Ocean Modeling Discussion

ROMS/TOMS

Search for:
It is currently Sat Nov 18, 2017 1:39 pm




Post new topic Reply to topic  [ 12 posts ] 

All times are UTC

Author Message
 Post subject: ROMS runtime error
PostPosted: Wed Nov 08, 2017 9:24 am 
Offline

Joined: Mon Jan 27, 2014 9:50 pm
Posts: 20
Location: Indian Institute of Science
Hi ROMS users

I have been trying to run a roms application, but after submitting my job (parallel) to the cluster, it exits from the queue after running for 1 second.

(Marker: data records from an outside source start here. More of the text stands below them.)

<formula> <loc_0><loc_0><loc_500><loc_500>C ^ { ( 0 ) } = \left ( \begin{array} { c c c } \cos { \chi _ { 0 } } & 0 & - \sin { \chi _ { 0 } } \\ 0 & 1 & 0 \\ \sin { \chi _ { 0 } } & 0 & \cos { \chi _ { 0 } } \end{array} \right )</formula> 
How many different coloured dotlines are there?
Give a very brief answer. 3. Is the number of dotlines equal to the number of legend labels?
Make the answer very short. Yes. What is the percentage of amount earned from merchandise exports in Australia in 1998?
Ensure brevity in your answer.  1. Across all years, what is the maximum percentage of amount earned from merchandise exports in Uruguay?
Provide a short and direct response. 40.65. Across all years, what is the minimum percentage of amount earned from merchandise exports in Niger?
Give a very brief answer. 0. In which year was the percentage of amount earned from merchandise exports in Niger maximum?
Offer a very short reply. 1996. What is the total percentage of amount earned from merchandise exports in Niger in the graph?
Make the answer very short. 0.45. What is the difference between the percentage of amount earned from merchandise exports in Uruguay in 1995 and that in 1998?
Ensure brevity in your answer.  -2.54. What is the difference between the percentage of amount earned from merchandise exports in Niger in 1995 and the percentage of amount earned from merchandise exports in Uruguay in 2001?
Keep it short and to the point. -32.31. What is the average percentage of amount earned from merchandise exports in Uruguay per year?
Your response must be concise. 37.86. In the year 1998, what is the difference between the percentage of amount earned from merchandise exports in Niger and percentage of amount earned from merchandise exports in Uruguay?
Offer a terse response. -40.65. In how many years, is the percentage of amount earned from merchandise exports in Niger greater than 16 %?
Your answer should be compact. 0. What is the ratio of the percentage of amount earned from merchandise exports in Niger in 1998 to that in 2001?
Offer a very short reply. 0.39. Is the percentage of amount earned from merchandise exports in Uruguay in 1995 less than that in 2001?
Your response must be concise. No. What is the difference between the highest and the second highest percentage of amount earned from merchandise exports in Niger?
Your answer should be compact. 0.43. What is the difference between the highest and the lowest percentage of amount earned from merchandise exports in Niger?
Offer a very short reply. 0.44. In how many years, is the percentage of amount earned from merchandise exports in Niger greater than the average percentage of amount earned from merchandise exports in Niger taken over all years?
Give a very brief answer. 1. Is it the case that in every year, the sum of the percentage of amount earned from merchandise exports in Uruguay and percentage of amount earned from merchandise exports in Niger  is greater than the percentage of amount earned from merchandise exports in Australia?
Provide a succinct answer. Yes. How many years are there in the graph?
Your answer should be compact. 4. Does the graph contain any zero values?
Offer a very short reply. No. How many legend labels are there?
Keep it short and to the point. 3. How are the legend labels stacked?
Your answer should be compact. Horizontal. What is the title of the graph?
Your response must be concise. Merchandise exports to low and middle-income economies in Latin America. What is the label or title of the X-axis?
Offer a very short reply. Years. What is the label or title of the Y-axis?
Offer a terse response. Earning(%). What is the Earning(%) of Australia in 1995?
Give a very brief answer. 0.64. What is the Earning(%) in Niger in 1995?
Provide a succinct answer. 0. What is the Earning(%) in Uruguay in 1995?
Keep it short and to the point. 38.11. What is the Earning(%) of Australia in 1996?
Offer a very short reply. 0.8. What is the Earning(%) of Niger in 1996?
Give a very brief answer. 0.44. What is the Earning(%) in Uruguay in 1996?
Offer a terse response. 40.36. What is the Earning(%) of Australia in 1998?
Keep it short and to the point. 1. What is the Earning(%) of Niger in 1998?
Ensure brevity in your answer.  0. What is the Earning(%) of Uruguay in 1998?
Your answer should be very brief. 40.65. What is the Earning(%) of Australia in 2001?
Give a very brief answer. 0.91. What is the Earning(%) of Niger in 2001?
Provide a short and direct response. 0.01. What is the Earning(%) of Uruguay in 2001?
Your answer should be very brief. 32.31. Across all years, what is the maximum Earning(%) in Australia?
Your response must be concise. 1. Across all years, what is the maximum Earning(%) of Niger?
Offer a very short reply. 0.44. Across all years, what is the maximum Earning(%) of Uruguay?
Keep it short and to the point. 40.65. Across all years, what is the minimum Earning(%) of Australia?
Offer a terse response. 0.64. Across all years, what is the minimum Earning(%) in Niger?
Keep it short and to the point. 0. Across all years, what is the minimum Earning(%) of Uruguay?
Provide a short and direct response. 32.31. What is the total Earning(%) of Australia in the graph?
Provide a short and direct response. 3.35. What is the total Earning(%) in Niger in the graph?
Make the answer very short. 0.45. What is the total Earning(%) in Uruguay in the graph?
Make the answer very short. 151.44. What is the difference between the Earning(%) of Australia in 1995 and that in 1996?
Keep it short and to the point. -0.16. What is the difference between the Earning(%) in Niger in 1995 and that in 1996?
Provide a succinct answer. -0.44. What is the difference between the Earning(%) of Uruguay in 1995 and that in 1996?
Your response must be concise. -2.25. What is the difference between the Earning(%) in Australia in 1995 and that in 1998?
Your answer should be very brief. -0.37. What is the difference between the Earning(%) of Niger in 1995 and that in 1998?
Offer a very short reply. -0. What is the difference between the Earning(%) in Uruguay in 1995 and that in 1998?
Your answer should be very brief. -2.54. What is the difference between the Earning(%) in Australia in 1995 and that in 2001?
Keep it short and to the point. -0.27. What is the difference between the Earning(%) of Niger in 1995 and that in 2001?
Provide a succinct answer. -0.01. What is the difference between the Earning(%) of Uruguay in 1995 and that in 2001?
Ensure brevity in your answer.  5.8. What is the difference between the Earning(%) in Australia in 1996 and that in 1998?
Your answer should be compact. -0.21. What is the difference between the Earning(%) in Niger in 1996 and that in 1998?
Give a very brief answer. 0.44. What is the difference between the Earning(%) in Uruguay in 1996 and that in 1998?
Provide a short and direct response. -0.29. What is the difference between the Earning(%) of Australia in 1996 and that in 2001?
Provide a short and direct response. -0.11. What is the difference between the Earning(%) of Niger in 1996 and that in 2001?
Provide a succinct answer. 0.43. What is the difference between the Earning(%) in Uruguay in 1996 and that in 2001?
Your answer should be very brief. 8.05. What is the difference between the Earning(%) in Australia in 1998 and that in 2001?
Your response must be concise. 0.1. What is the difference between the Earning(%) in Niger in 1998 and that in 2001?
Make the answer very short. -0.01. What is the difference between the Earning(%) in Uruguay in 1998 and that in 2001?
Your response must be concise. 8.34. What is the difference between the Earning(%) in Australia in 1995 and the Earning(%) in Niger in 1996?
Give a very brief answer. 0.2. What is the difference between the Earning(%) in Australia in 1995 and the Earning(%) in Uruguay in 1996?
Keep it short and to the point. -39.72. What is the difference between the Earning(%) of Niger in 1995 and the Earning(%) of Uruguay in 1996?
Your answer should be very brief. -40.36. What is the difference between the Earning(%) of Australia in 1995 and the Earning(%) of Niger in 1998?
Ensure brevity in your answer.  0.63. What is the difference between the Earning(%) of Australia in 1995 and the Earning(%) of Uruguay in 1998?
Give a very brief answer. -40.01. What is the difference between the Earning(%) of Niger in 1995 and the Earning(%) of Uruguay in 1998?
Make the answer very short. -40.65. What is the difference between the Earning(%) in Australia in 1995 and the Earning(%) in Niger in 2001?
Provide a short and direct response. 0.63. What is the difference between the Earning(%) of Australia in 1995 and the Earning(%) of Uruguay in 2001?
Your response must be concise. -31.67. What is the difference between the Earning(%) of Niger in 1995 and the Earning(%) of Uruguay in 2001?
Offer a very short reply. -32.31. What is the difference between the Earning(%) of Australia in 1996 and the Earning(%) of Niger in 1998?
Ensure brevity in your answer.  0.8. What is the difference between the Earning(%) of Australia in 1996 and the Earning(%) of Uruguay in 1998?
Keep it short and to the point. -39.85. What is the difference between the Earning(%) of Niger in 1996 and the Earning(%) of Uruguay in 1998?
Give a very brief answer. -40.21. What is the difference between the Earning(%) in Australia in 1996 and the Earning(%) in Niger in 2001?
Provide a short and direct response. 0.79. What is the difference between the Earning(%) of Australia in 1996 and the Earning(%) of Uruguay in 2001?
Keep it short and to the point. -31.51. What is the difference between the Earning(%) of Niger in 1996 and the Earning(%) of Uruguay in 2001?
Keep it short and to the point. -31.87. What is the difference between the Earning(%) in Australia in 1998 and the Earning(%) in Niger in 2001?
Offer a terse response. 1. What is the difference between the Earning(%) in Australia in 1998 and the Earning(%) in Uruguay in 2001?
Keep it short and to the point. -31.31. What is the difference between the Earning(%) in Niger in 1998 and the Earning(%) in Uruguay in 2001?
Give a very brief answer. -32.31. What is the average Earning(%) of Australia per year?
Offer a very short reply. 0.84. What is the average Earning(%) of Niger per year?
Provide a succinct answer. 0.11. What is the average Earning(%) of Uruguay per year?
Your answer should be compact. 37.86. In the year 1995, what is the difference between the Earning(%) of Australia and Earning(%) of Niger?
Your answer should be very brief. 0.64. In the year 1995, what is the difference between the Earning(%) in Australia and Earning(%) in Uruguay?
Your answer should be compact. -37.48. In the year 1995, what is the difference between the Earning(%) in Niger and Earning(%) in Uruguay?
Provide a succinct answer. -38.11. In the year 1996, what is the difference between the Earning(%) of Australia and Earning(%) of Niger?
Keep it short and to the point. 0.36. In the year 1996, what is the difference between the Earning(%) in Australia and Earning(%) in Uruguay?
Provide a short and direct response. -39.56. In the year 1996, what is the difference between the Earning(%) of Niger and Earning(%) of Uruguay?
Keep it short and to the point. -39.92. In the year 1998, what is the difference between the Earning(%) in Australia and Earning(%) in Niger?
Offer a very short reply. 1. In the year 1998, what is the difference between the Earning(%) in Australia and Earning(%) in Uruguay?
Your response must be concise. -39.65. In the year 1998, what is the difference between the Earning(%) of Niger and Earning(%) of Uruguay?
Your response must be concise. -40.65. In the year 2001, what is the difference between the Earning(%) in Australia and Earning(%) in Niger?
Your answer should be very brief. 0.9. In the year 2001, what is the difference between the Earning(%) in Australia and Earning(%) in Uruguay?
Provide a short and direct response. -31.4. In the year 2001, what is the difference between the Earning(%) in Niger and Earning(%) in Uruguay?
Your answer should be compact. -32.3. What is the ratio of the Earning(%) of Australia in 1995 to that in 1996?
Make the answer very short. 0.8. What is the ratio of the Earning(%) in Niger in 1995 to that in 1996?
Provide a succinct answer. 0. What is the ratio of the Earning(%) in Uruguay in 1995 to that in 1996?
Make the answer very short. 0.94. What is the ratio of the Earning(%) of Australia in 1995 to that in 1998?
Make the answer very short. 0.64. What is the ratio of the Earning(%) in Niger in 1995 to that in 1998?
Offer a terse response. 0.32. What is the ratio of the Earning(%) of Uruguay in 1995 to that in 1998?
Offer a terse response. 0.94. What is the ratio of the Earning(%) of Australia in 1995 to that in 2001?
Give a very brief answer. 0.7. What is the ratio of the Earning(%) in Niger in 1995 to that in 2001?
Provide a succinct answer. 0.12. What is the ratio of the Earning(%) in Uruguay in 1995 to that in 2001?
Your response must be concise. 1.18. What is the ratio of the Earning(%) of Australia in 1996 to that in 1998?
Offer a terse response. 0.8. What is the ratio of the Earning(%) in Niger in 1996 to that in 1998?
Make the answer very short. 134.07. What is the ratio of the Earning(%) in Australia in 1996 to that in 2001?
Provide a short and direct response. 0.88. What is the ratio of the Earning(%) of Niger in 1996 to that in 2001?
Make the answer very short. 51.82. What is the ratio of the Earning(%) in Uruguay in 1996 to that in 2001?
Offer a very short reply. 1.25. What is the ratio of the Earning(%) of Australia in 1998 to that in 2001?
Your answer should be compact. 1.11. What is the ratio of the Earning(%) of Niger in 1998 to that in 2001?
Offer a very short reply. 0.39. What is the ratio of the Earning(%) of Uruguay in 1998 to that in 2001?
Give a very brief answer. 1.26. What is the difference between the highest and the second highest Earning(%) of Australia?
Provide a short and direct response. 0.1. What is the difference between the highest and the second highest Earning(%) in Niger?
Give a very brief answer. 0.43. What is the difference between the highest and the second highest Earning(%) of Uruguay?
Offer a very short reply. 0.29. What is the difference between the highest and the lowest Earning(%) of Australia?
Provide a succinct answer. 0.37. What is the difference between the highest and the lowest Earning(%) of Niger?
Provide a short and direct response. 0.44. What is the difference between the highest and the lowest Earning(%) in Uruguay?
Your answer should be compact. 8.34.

I checked the log file and it displays the following message

=====================================================================================
= BAD TERMINATION OF ONE OF YOUR APPLICATION PROCESSES
= EXIT CODE: 15
= CLEANING UP REMAINING PROCESSES
= YOU CAN IGNORE THE BELOW CLEANUP MESSAGES
=====================================================================================
APPLICATION TERMINATED WITH THE EXIT STRING: Terminated (signal 15)

I checked with my cluster admin and there is nothing wrong with the job submit script. Please help.


Top
 Profile  
Reply with quote  
 Post subject: Re: ROMS runtime error
PostPosted: Wed Nov 08, 2017 4:25 pm 
Offline
User avatar

Joined: Wed Jul 02, 2003 5:29 pm
Posts: 3251
Location: IMS/UAF, USA
What does the ROMS output look like? Did you get any?


Top
 Profile  
Reply with quote  
 Post subject: Re: ROMS runtime error
PostPosted: Wed Nov 08, 2017 5:20 pm 
Offline

Joined: Mon Jan 27, 2014 9:50 pm
Posts: 20
Location: Indian Institute of Science
I didn't get any output. The log file is supposed to show something like this:
--------------------------------------------------------------------------------
Model Input Parameters: ROMS/TOMS version 3.7
Wednesday - November 8, 2017 - 2:50:07 PM
--------------------------------------------------------------------------------


Instead, all I get is the message
=====================================================================================
= BAD TERMINATION OF ONE OF YOUR APPLICATION PROCESSES
= EXIT CODE: 15
= CLEANING UP REMAINING PROCESSES
= YOU CAN IGNORE THE BELOW CLEANUP MESSAGES
=====================================================================================
APPLICATION TERMINATED WITH THE EXIT STRING: Terminated (signal 15)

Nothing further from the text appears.